#### [PROBLEM DETAILS]
Word for word, copy the listing below and leave out its images.

#### [EXTRACTED RECORDS]
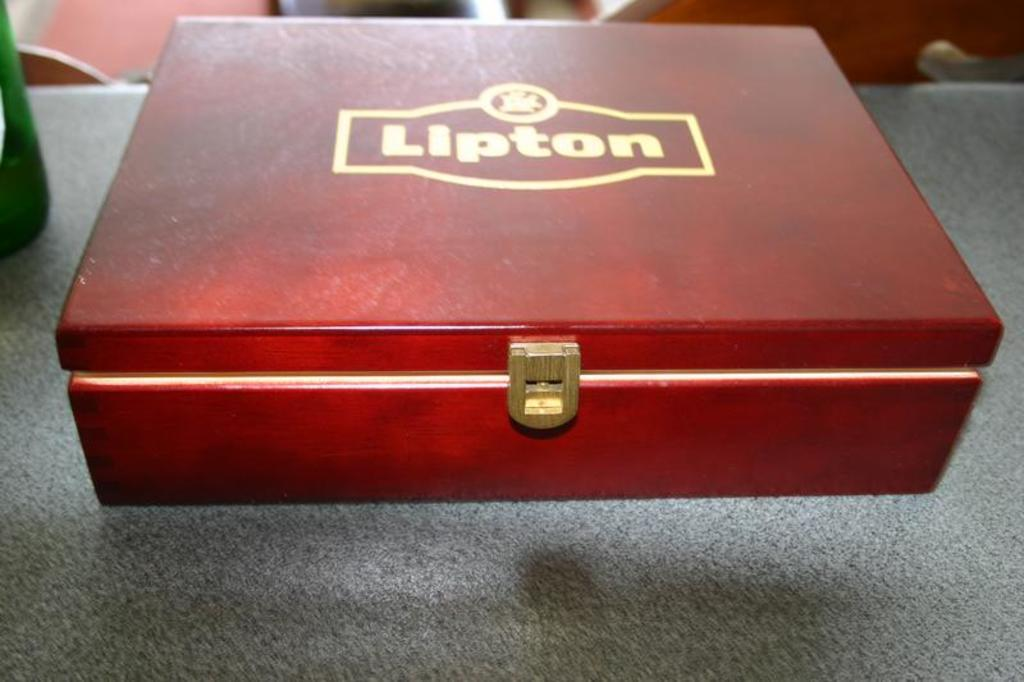<image>
Create a compact narrative representing the image presented. The Lipton logo is on the outside of red box. 
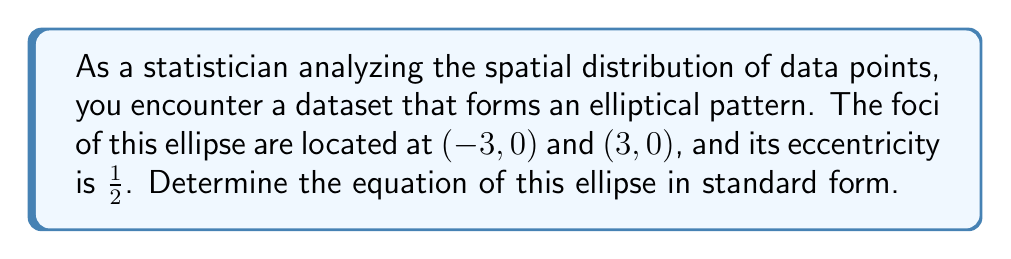Could you help me with this problem? Let's approach this step-by-step:

1) The standard form of an ellipse with center at the origin is:

   $$\frac{x^2}{a^2} + \frac{y^2}{b^2} = 1$$

   where $a$ is the length of the semi-major axis and $b$ is the length of the semi-minor axis.

2) The distance between the foci is $2c$. Here, the foci are at $(-3, 0)$ and $(3, 0)$, so:

   $2c = 6$
   $c = 3$

3) The eccentricity $e$ is given by $e = \frac{c}{a}$. We're told that $e = \frac{1}{2}$, so:

   $$\frac{1}{2} = \frac{3}{a}$$

4) Solving for $a$:

   $a = 6$

5) Now we can use the relation $a^2 = b^2 + c^2$ to find $b$:

   $6^2 = b^2 + 3^2$
   $36 = b^2 + 9$
   $b^2 = 27$
   $b = 3\sqrt{3}$

6) Now we have all the components to write the equation in standard form:

   $$\frac{x^2}{a^2} + \frac{y^2}{b^2} = 1$$
   $$\frac{x^2}{36} + \frac{y^2}{27} = 1$$

7) To simplify, multiply both sides by 108 (the LCM of 36 and 27):

   $$3x^2 + 4y^2 = 108$$
Answer: The equation of the ellipse in standard form is:

$$3x^2 + 4y^2 = 108$$

#### [REPLY TO THE TASK]
<image>
Create a compact narrative representing the image presented. The Lipton logo is on the outside of red box. 
Could you help me with this problem? Let's approach this step-by-step:

1) The standard form of an ellipse with center at the origin is:

   $$\frac{x^2}{a^2} + \frac{y^2}{b^2} = 1$$

   where $a$ is the length of the semi-major axis and $b$ is the length of the semi-minor axis.

2) The distance between the foci is $2c$. Here, the foci are at $(-3, 0)$ and $(3, 0)$, so:

   $2c = 6$
   $c = 3$

3) The eccentricity $e$ is given by $e = \frac{c}{a}$. We're told that $e = \frac{1}{2}$, so:

   $$\frac{1}{2} = \frac{3}{a}$$

4) Solving for $a$:

   $a = 6$

5) Now we can use the relation $a^2 = b^2 + c^2$ to find $b$:

   $6^2 = b^2 + 3^2$
   $36 = b^2 + 9$
   $b^2 = 27$
   $b = 3\sqrt{3}$

6) Now we have all the components to write the equation in standard form:

   $$\frac{x^2}{a^2} + \frac{y^2}{b^2} = 1$$
   $$\frac{x^2}{36} + \frac{y^2}{27} = 1$$

7) To simplify, multiply both sides by 108 (the LCM of 36 and 27):

   $$3x^2 + 4y^2 = 108$$
Answer: The equation of the ellipse in standard form is:

$$3x^2 + 4y^2 = 108$$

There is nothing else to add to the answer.